Introduction
In this blog post, I’ll walk you through a real-time crypto data pipeline I built using a powerful stack:
🔹 PostgreSQL for structured storage and a data source
🔹 Debezium + Confluent Kafka for Change Data Capture (CDC)
🔹 Apache Spark for stream processing
🔹 Apache Cassandra for fast NoSQL storage hosted on an Azure Ubuntu virtual Machine used as a data sink.
This architecture enables near real-time data extraction and transformation, ideal for live dashboards, analytics, distributed systems, and downstream uses e.g., building of machine learning models.

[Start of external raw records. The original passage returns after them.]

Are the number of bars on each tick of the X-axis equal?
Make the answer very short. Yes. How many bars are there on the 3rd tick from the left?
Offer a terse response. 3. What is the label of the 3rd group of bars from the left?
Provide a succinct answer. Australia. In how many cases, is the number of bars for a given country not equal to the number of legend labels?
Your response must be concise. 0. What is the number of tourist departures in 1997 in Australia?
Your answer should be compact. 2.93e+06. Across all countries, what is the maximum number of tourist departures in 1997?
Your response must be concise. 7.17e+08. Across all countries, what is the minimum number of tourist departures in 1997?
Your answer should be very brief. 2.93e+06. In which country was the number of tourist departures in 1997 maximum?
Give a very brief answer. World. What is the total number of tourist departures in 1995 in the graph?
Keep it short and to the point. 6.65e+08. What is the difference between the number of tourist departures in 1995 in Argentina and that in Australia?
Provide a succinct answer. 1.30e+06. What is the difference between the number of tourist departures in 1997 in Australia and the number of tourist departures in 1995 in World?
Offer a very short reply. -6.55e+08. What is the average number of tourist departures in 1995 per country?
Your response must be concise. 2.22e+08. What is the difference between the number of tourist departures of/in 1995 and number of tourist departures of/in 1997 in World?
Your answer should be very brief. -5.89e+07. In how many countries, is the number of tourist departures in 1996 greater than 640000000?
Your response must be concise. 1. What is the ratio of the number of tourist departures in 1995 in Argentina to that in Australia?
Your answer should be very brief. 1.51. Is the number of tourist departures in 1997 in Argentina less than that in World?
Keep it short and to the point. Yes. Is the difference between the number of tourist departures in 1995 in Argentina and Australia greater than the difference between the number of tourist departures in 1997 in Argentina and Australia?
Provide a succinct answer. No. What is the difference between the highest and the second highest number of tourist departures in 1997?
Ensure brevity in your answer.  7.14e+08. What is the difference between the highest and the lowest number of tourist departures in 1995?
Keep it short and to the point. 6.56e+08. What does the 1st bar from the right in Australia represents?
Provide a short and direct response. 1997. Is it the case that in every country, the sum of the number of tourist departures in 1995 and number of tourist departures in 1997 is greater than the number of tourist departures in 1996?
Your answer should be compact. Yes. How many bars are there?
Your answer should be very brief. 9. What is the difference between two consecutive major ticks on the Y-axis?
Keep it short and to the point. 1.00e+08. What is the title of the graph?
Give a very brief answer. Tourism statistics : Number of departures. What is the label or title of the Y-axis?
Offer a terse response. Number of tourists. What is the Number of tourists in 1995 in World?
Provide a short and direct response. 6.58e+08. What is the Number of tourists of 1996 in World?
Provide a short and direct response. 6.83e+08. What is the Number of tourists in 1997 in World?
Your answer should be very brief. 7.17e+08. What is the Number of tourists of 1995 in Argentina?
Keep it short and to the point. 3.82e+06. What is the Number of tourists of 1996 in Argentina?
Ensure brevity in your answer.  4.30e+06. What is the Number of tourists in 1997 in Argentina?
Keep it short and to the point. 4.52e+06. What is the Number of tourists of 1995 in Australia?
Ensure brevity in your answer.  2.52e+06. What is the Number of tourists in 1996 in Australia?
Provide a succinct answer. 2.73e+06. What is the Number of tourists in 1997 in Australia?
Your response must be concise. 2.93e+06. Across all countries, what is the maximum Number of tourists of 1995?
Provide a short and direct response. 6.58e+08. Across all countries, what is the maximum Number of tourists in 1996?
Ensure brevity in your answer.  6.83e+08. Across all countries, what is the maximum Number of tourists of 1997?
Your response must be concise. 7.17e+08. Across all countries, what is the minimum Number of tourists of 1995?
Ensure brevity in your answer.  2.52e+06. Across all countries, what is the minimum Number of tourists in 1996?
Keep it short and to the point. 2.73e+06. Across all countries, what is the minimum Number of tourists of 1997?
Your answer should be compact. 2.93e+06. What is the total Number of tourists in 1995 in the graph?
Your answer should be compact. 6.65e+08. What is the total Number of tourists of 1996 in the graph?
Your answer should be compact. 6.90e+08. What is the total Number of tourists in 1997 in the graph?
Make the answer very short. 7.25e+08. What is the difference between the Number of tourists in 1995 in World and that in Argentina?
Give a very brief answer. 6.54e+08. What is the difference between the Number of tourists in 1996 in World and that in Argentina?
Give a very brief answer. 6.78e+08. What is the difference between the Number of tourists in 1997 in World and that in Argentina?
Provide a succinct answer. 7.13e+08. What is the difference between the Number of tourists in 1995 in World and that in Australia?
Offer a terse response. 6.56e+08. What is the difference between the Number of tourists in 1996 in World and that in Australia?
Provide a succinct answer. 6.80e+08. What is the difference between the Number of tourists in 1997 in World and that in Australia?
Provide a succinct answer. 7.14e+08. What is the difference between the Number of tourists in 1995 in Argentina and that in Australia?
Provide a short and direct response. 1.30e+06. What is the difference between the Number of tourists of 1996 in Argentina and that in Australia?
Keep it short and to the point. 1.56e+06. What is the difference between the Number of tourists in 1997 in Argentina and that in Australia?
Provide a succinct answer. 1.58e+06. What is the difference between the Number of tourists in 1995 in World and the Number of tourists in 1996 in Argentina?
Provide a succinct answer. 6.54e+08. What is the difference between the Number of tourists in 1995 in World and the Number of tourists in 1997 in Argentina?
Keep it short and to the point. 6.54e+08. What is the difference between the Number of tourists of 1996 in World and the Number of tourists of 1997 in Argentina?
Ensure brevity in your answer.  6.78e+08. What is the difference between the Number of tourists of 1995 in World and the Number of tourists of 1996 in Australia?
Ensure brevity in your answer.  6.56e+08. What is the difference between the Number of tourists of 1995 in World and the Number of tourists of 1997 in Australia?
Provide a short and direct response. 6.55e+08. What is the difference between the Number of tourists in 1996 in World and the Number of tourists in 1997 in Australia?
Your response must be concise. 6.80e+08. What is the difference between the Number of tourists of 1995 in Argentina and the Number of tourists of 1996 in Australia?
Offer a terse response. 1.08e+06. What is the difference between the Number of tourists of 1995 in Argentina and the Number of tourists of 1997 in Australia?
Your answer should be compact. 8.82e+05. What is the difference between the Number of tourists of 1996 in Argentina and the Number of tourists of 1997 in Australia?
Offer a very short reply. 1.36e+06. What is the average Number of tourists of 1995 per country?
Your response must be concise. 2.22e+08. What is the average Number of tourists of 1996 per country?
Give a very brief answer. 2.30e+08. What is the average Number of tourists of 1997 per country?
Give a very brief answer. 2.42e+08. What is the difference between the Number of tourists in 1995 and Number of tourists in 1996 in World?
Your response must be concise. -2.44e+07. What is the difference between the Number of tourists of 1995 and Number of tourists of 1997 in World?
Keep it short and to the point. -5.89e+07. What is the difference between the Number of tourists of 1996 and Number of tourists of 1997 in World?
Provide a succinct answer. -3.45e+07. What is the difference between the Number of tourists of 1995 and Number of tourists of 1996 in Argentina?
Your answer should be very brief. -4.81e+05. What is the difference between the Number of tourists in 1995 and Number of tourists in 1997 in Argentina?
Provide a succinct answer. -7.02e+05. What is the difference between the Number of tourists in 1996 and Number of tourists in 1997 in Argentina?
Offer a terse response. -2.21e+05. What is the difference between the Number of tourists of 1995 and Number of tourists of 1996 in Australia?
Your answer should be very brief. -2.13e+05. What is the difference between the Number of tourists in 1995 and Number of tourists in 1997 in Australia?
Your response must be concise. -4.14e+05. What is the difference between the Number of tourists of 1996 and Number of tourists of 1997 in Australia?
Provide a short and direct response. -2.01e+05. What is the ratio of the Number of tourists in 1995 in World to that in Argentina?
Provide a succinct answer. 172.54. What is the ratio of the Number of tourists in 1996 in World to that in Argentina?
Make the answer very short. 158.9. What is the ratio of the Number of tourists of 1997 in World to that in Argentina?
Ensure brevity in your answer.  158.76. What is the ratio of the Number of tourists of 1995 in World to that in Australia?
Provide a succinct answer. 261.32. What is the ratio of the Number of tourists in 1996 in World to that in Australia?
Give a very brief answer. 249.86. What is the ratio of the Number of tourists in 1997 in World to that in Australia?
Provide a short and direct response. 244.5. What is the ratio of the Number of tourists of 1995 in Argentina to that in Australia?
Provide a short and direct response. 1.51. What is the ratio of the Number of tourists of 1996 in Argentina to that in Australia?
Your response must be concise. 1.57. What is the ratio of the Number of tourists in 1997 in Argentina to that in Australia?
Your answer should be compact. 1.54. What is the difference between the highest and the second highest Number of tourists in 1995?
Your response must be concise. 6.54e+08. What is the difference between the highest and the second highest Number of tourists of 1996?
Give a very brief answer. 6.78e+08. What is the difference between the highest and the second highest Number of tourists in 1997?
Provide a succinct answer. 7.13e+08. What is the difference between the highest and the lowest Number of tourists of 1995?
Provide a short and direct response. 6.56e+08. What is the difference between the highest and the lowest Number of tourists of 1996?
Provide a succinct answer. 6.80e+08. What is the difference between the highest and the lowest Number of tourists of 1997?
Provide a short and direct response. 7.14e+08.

This project is divided into four phases:
Phase 1.
Extracting data from the Binance API endpoints, transforming and loading the data into a PostgreSQL database using Python scripts.
Phase 2.
Using a Debezium Source connector to connect into the PostgreSQL database to a Kafka topic to store change logs
Phase 3.
Using a Spark Streaming job to act as a sink to send our replicated data from the Kafka topics into a Cassandra keyspace binance_test
Phase 4.
Visualizing the data in Apache Cassandra on a Grafana dashboard using a PostgreSQL bridge to pull data from Cassandra.
For more technical details on the project, check the linked GitHub repository.
What is Change Data Capture (CDC)?
Change Data Capture (CDC) is a technique used in data pipelines to identify and track changes made to data in a database. It captures these changes, INSERT
, UPDATE
, and DELETE
, and makes them available for use in other systems, often in real-time or near real-time. CDC helps improve data efficiency and consistency across systems by only replicating the changed data, rather than the entire dataset.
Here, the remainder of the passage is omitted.